Co-produced with multi-instrumentalist Fats Kaplin one of the original members of Burch’s WPA Ballclub band, Fevers crackles with the spontaneous energy of a live show. It’s polished (how couldn’t it be, with musicians like Kaplin, Chris Scruggs, and Dennis Crouch) but not perfect: on the barn-burning rockabilly song “Couldn’t Get a Witness,” we hear someone in the studio howling, then what sounds like Burch stifling a laugh on the outro.
Fevers showcases Burch’s versatility as a songwriter and performer more than any of his releases to date, as he effortlessly goes from Cajun country on “Sac Au Lait” to the Spanish-tinged “Sagrada,” while his moody take on traditional fiddle tune “Cluck Ol’ Hen,” which features some fine mandolin picking — in addition to thumping percussion that infuses the song with an ominous tone — serves as a quick trip through Appalachia. “Give it Away” captures the sound of early rock ‘n’ roll; it’s nearly impossible to hear it and not boogie along. His finest moment comes with the honky tonk heartbreaker “Straight Tears, No Chaser,” a slice of Bakersfield heaven that sounds as though it could be a lost Buck Owens tune – Burch’s inflections make him sound remarkably like a young Owens as he sings the chorus: “Straight tears, no chaser / When it’s lonesome time / Top it off with memories / Proof 99 / And if I can’t make this old heart mend, I’m gonna cry, cry again / Straight tears, no chaser / Let the heartache begin.”
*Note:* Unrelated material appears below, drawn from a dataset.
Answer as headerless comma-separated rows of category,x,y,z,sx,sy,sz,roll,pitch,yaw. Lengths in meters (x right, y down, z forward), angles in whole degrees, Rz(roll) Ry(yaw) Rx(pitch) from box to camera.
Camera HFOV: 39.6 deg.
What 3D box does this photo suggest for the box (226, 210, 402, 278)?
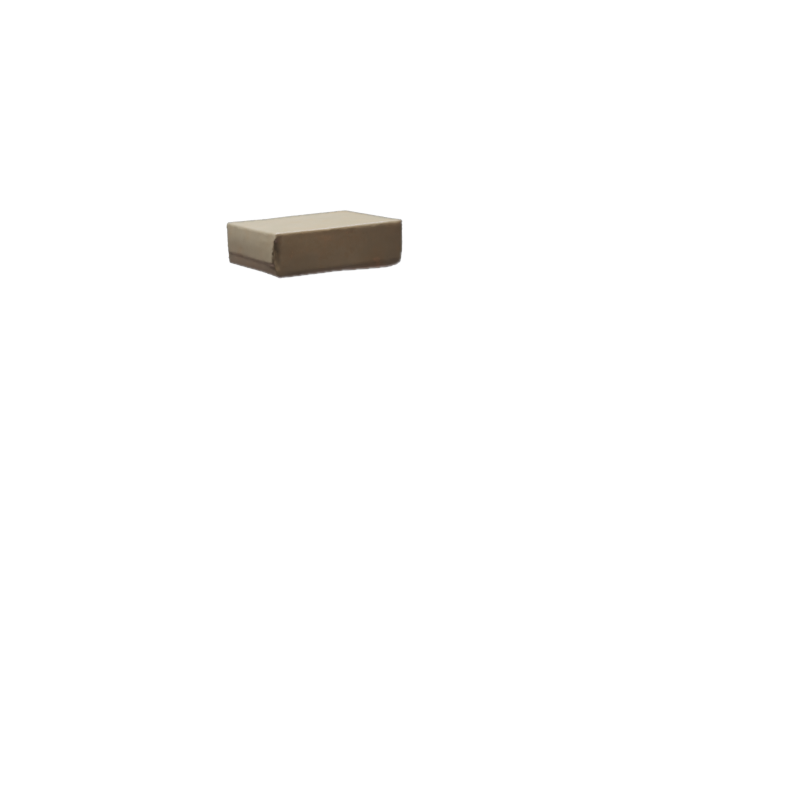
box,-0.068,-0.124,0.871,0.110,0.038,0.095,-9,17,-29

But Owens isn’t the only country singer Burch channels. He serves up a fantastic, slow-burning version of Tennessee Ernie Ford’s 1951 single “Ocean of Tears,” with duet partner Kelly Hogan — who’s at her torchiest here — filling the role of Kay Starr, and album closer “I’m Going to Memphis” could make Johnny Cash tap his toes.
In a solid year for country music releases, Burch raises the bar a notch higher. Deciding on the “Best of 2013″ just got a bit more difficult.